# Making Maps

If you have followed the [EM-DAT Python Tutorial 1](./python_tutorial_1_basic_operations_and_plotting.ipynb) or are already familiar with [`pandas`](https://pandas.pydata.org/) and [`matplotlib`](https://matplotlib.org/), this second tutorial will show you basic examples on how to make maps with the EM-DAT data using the [`geopandas`](https://geopandas.org/en/stable/) Python package.

**Note**: This tutorial is also available on the [EM-DAT Documentation Website](https://doc.emdat.be/docs/additional-resources-and-tutorials/tutorials/python_tutorial_2/).

## Import Modules

Let us import the necessary modules and print their versions. For this tutorial, we used `pandas` v.2.1.1, `geopandas` v.0.14.3, and `matplotlib` v.3.8.3. If your package versions are different, you may have to adapt this tutorial by checking the corresponding package documentation.


In [None]:
import pandas as pd #data analysis package
import geopandas as gpd
import matplotlib as mpl
import matplotlib.pyplot as plt #plotting library
for i in [pd, gpd, mpl]:
    print(i.__name__, i.__version__)

## Creating a World Map

To create a world map, we need the EM-DAT data and a shapefile containing the country geometries.

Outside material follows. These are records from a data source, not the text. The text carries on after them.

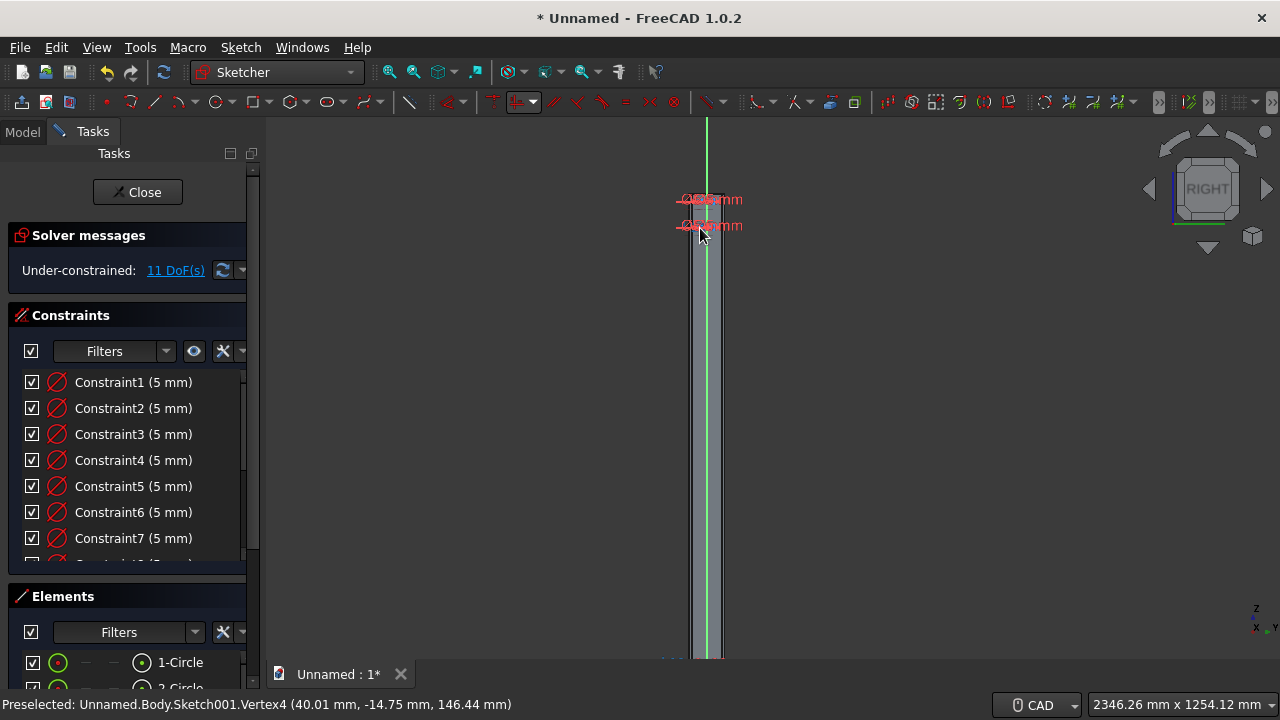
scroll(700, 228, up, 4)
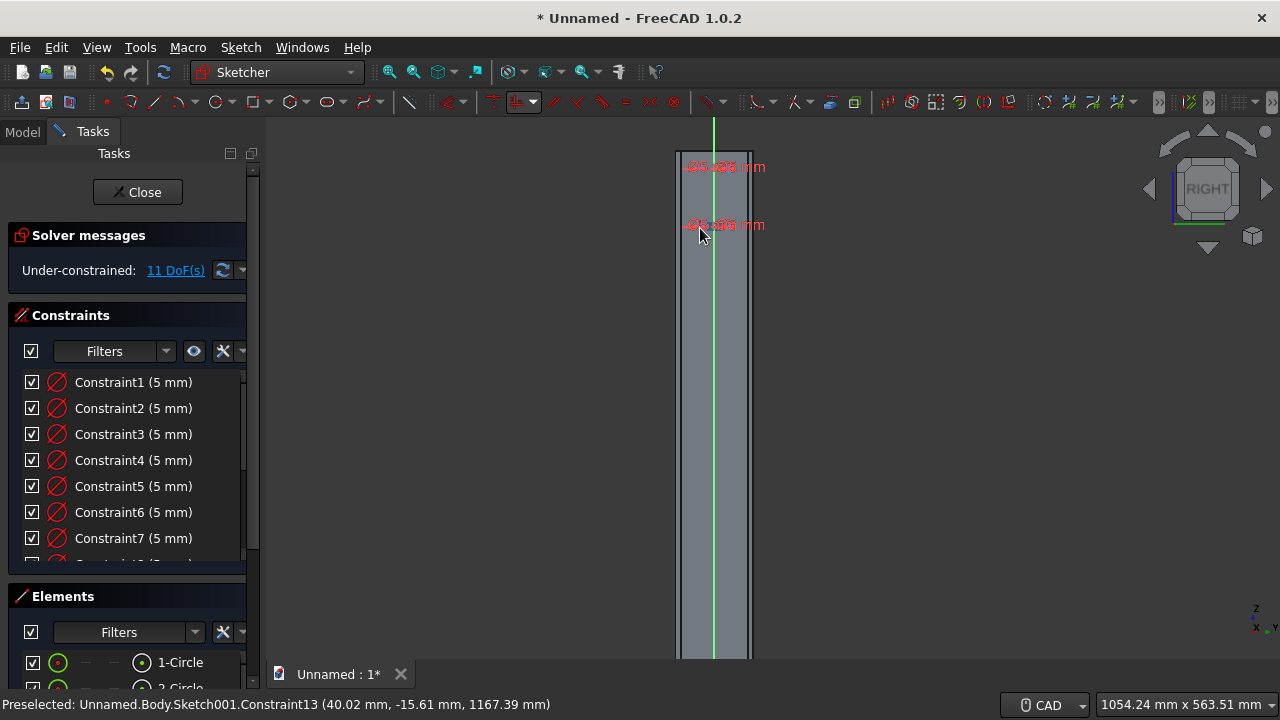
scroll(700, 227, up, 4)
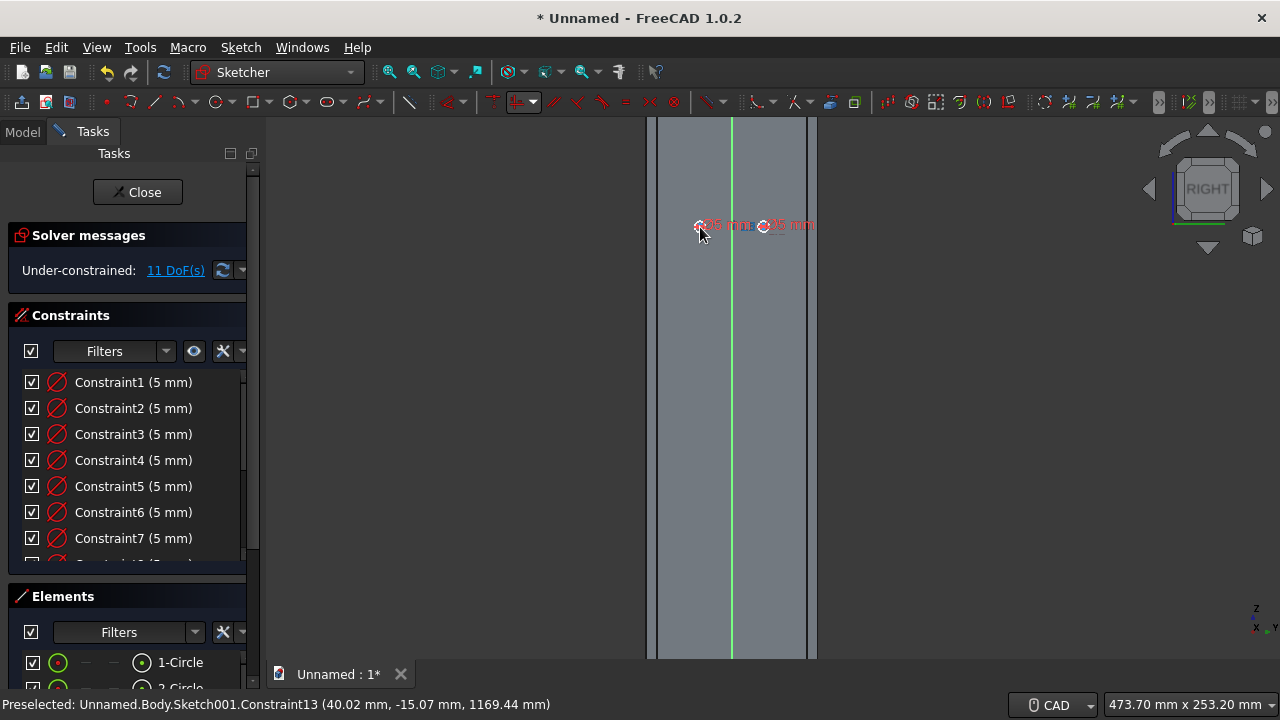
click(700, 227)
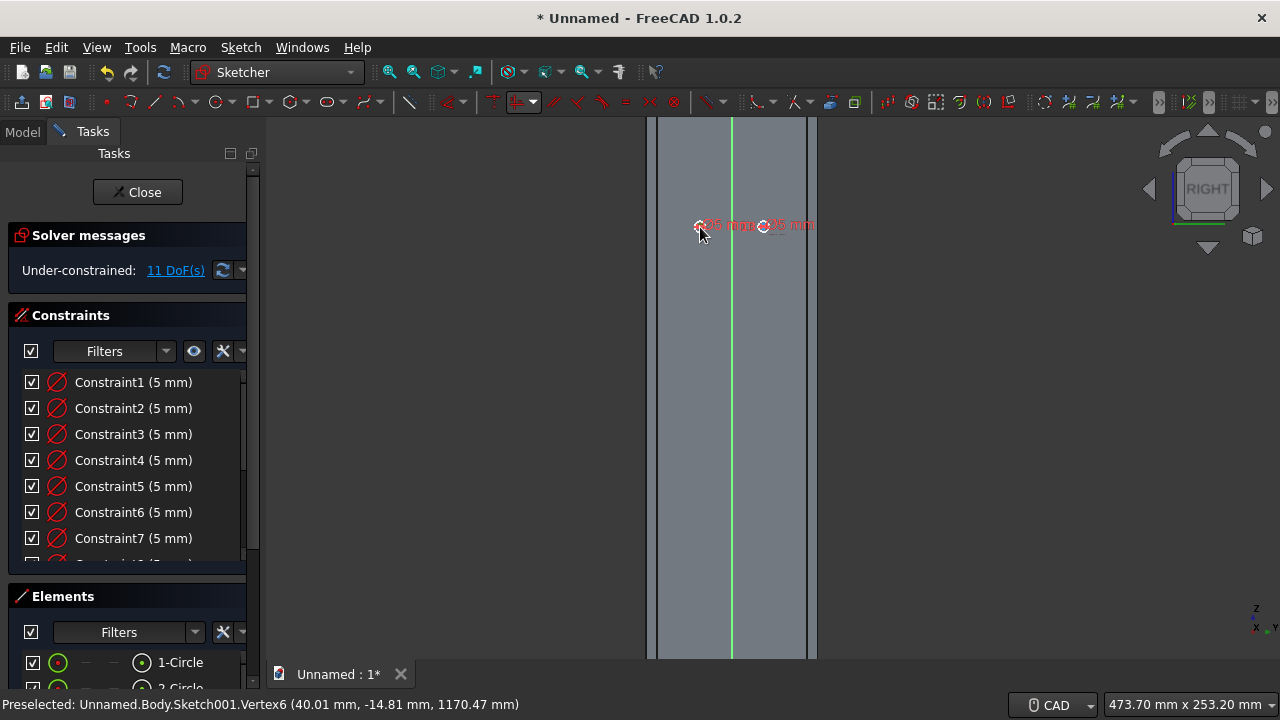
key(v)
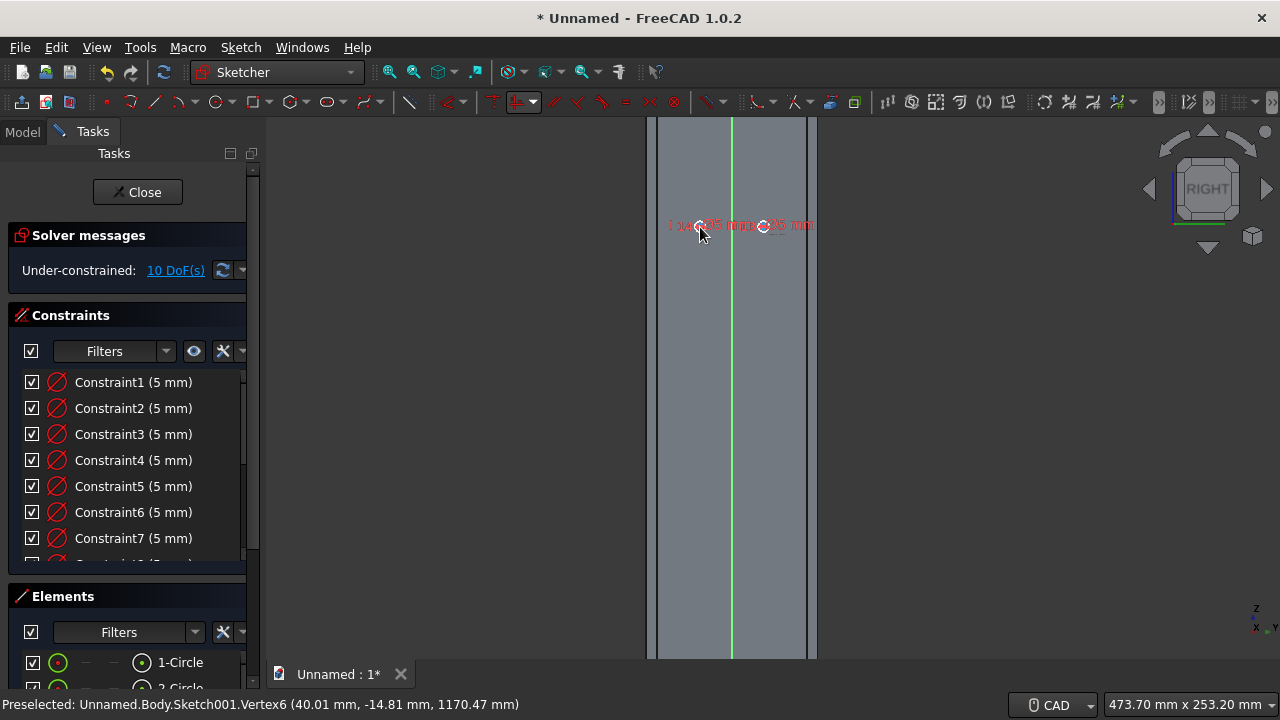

**EM-DAT**: We download and load the EM-DAT data using `pandas`. 

**Country Shapefile**: We download a country shapefile from [Natural Earth Data](https://www.naturalearthdata.com/). For a world map, we download the low resolution [1:110m Adimin 0 - Countries](https://www.naturalearthdata.com/downloads/110m-cultural-vectors/) (last accessed: March 10, 2024) and unzip it. 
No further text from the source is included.